Le sénateur Maltais : Plusieurs témoins ont parlé qu'ils font de la recherche et développement en collaboration avec l'Agence canadienne d'inspection des aliments. Quel est le pourcentage que peut représenter l'entreprise privée au niveau de la recherche et développement avec votre agence?

Dre Dubuc : En ce qui concerne l'agence, nos partenaires sont beaucoup plus universitaires et réglementaires. Du côté d'Agriculture et Agroalimentaire Canada, une réponse pourrait venir, mais de notre côté ce sont normalement plus les partenaires fédéraux, provinciaux, gouvernementaux et universitaires qui nous aident à développer des outils et à avoir des projets de recherche en collaboration avec ces instituts de recherche, je dirais un peu plus paragouvernementales, mais toujours en fonction de développer des outils nécessaires à la réglementation.

[Traduction]

Mme Aylard : Les chiffres du secteur privé quant à la recherche sont un peu difficiles à obtenir alors nous n'avons pas un pourcentage précis. Selon nos évaluations, ce pourcentage pourrait représenter entre 15 et 20 p. 100, mais nous pourrions essayer de vous fournir de meilleurs chiffres. Nous avons constaté une augmentation des apports du secteur privé. Certains de nos programmes, par exemple, encouragent les associations de producteurs à faire une contribution d'argent. Prenons l'exemple de l'initiative PDAI et les grappes que j'ai décrites plus tôt, nous avons constaté, de la part du secteur privé, un nouvel investissement totalisant 40 millions de dollars destinés à la recherche.

[Français]

M. Saindon : Dans plusieurs cas, pour ce qui est de la recherche par le secteur privé, on a deux types : il y a les associations de producteurs, plutôt prévalent, et il y a également le secteur privé, où c'est plus le profit. Mais on travaille beaucoup avec des associations de producteurs sous des checkoffs.

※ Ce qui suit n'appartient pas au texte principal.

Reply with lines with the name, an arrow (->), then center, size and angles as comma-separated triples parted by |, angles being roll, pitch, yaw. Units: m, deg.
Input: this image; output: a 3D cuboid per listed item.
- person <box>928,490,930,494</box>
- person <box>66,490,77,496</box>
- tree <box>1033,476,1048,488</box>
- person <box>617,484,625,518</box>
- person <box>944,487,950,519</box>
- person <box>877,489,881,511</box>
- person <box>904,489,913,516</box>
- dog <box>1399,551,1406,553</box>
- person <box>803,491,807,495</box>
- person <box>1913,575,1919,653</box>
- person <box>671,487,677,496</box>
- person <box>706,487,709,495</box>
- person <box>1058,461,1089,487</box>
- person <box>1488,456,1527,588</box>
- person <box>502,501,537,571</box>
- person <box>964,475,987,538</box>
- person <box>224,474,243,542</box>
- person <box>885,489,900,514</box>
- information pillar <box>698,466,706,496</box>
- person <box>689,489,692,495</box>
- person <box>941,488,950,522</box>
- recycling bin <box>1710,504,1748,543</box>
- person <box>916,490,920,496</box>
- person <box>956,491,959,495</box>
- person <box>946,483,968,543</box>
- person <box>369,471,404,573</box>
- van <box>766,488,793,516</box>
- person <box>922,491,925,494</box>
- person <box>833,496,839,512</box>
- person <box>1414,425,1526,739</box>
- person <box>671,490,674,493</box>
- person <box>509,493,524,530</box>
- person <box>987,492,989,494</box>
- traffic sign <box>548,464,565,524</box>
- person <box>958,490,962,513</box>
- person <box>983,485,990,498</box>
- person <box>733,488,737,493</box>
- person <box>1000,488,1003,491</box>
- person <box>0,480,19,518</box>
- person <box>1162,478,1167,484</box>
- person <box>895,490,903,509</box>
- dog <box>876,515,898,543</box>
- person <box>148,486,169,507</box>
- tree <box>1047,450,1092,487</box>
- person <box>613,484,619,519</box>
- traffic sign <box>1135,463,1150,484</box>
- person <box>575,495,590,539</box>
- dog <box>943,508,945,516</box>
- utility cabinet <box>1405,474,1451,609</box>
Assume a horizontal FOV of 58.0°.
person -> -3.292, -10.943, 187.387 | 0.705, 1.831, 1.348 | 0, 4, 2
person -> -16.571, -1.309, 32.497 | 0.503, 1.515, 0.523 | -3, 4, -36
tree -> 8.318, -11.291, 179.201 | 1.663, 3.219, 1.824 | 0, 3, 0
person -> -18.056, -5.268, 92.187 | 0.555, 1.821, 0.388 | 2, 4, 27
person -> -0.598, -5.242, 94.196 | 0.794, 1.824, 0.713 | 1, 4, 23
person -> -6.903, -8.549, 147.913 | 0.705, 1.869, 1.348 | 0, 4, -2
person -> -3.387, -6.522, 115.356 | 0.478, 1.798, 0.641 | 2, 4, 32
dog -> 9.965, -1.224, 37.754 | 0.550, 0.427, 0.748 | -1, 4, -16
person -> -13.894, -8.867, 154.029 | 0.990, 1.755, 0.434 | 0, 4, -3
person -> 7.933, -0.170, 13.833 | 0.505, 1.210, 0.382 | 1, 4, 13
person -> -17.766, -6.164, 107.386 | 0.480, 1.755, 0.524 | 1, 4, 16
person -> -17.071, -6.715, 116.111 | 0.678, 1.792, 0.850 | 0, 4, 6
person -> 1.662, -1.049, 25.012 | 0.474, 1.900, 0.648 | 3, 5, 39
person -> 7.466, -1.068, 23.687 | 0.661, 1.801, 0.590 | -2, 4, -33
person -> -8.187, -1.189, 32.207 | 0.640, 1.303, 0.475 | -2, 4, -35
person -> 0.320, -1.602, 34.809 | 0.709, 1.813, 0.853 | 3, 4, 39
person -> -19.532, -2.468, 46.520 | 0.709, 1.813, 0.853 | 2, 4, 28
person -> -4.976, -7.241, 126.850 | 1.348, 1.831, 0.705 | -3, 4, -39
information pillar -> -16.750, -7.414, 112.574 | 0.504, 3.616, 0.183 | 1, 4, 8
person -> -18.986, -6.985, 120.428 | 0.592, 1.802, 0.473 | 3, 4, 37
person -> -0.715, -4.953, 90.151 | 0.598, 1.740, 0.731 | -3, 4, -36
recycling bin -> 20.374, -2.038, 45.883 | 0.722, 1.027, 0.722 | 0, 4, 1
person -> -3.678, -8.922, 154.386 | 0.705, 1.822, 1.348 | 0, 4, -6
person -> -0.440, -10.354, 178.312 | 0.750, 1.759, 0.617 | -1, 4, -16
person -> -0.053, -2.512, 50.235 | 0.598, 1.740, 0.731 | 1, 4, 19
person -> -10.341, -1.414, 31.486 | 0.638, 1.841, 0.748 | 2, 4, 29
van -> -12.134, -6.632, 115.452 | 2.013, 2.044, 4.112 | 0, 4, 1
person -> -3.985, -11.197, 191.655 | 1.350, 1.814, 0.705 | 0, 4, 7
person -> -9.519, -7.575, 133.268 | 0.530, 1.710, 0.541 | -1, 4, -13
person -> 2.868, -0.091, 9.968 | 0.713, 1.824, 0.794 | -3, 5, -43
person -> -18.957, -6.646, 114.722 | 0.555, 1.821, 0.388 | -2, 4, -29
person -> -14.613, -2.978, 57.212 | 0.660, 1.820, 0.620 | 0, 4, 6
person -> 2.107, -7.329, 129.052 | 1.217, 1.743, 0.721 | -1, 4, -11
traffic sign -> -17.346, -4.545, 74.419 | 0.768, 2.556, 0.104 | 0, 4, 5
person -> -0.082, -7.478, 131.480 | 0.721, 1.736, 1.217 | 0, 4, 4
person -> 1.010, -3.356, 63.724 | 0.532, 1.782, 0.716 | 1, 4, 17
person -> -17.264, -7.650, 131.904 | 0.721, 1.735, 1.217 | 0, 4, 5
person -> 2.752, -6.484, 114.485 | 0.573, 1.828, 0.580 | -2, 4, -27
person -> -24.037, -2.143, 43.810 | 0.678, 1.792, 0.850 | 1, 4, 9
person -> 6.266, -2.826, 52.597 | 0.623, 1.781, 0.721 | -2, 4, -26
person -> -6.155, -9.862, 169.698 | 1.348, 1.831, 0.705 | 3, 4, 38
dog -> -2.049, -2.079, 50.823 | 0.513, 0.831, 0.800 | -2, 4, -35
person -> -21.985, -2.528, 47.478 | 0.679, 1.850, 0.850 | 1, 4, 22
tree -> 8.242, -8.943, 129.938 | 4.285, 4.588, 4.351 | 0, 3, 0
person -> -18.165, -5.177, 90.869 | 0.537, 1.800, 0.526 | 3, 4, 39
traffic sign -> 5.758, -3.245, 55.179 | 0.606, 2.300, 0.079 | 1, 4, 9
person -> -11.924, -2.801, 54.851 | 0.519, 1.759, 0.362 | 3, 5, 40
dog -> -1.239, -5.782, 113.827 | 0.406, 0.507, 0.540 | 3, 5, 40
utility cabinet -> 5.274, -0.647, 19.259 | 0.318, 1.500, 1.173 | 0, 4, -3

Le sénateur Maltais : J'ai une question sur la fameuse culture biologique. Si on ne mange pas de céréales biologiques, on meurt, si on ne consomme pas de légumes biologiques, on meurt. Quelle est l'importance de la culture biologique vis-à-vis la santé des Canadiens?

Dre Dubuc : Il n'y a pas d'études scientifiques qui ont vraiment démontré, avec preuves à l'appui, une différence sur la santé entre les produits biologiques et les produits qui sont fabriqués de façon conventionnelle. Donc lorsque les études seront concluantes, je pense que tous pourront s'y attarder mais actuellement, aucune étude ne démontre qu'il y a une différence significative entre les deux types de produits.

Pour les produits fabriqués de façon conventionnelle, nous avons des produits sécuritaires sur le marché et c'est ce qui est important pour l'Agence canadienne d'inspection des aliments.

Le sénateur Maltais : Que pensez-vous du rapport du Conference Board de ce matin, concernant l'inspection des aliments? Cela n'a pas fait la nouvelle chez vous encore?

Dre Dubuc : Pas encore.

Le sénateur Maltais : On dit qu'il y a un très bon service d'inspection; cependant, il y aurait des améliorations au niveau de la restauration et de la qualité de produits dans les supermarchés.

Dre Dubuc : Tel que mentionné, au niveau du système d'inspection canadien, il y a plusieurs responsabilités. Ce sont des responsabilités partagées. Les provinces et les agences ont certaines responsabilités. Il faut regarder à l'intérieur de l'ensemble de ce système où on peut apporter des améliorations. On est toujours ouverts à s'asseoir avec toutes les partenaires du système d'inspection et voir comment on peut améliorer ce système pour s'assurer de toujours appliquer des standards très élevés.

Le sénateur Maltais : Comment un organisme comme le Conference Board peut produire un tel rapport sans parler à des groupes comme l'Agence canadienne d'inspection des aliments, qui est quand même l'autorité canadienne au niveau de la qualité et de la surveillance des aliments?

Dre Dubuc : Je pense qu'il faudrait leur poser la question.

[Traduction]

Le sénateur Plett : Voici ma dernière question. Ici, on parle de la possibilité de coupures budgétaires. Naturellement, il s'agit de coupures budgétaires possibles, étant donné que nous n'avons pas encore vu le budget, alors ceux parmi nous qui sont optimistes vont attendre les confirmations avant de se lancer dans les hypothèses.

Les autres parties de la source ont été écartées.